| Supplied records |
....................
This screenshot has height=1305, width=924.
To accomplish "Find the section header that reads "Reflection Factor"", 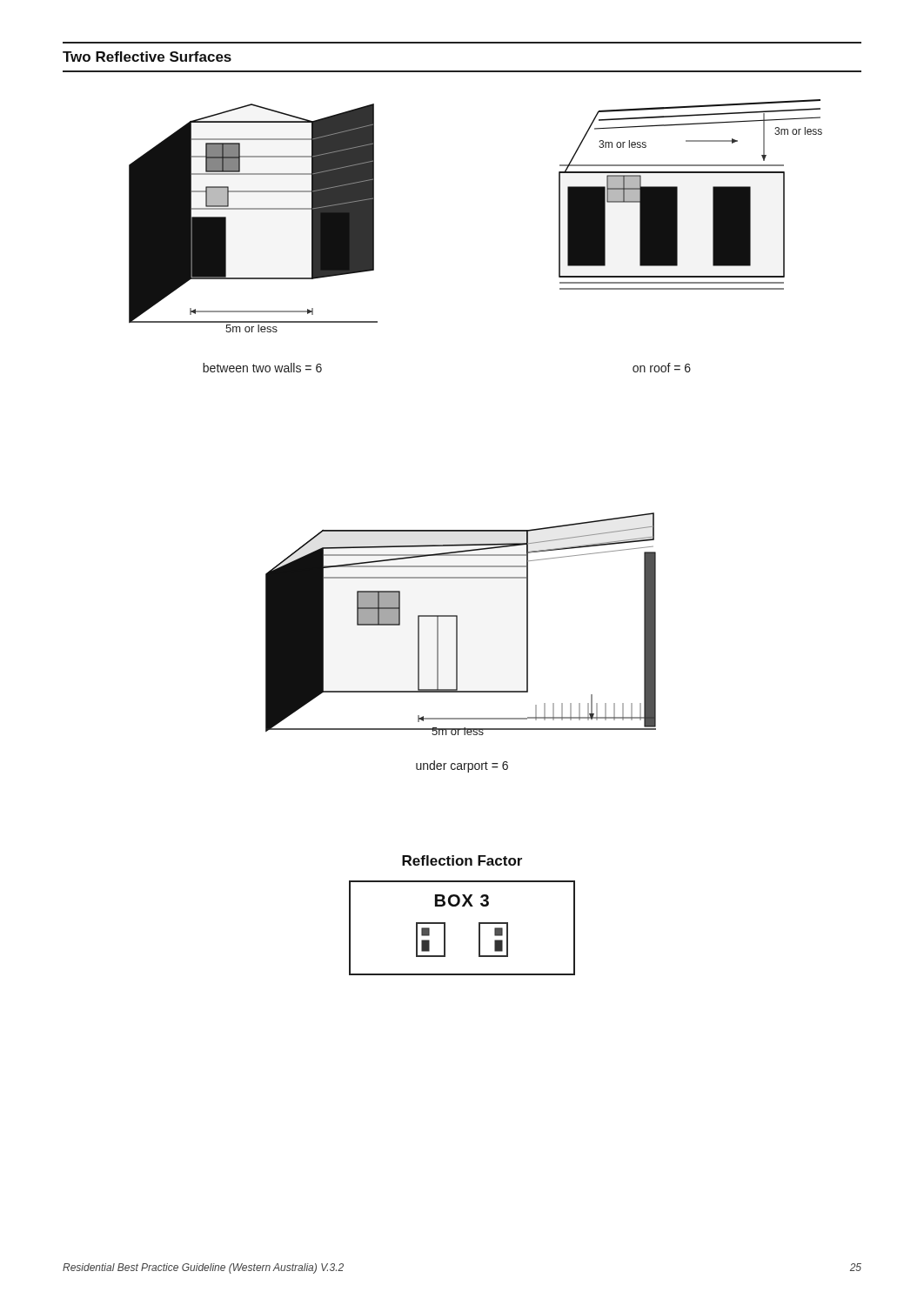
....................
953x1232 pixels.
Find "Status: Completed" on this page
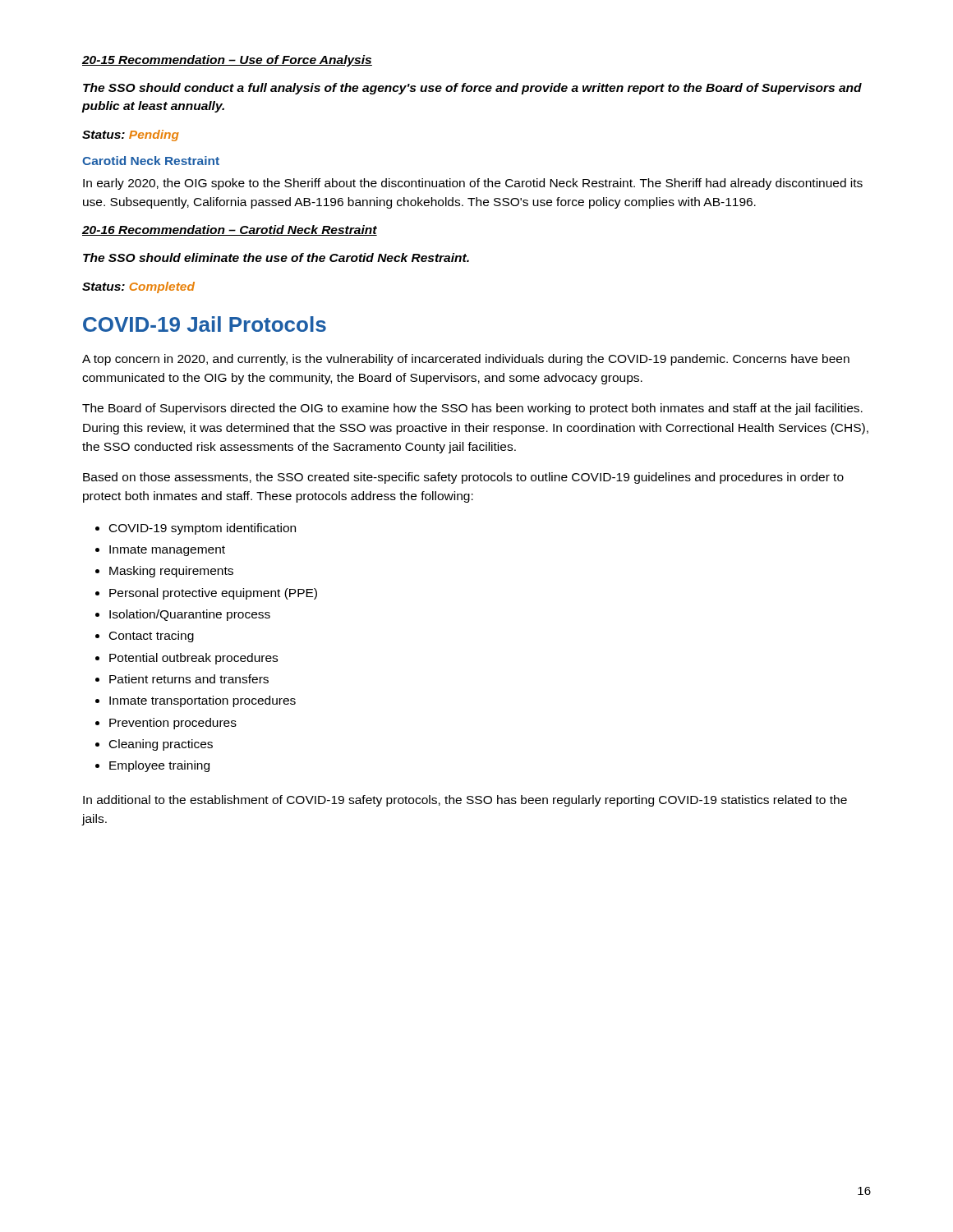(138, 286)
....................
| Instructions for the task |
Reproduce the lines above beginning at the line that contains "This screenshot has height=1305, width=924." and ending at the line that contains "the section header". No pictures.

| Answer to this problem |
This screenshot has height=1305, width=924.
To accomplish "Find the section header that reads "Reflection Factor"", 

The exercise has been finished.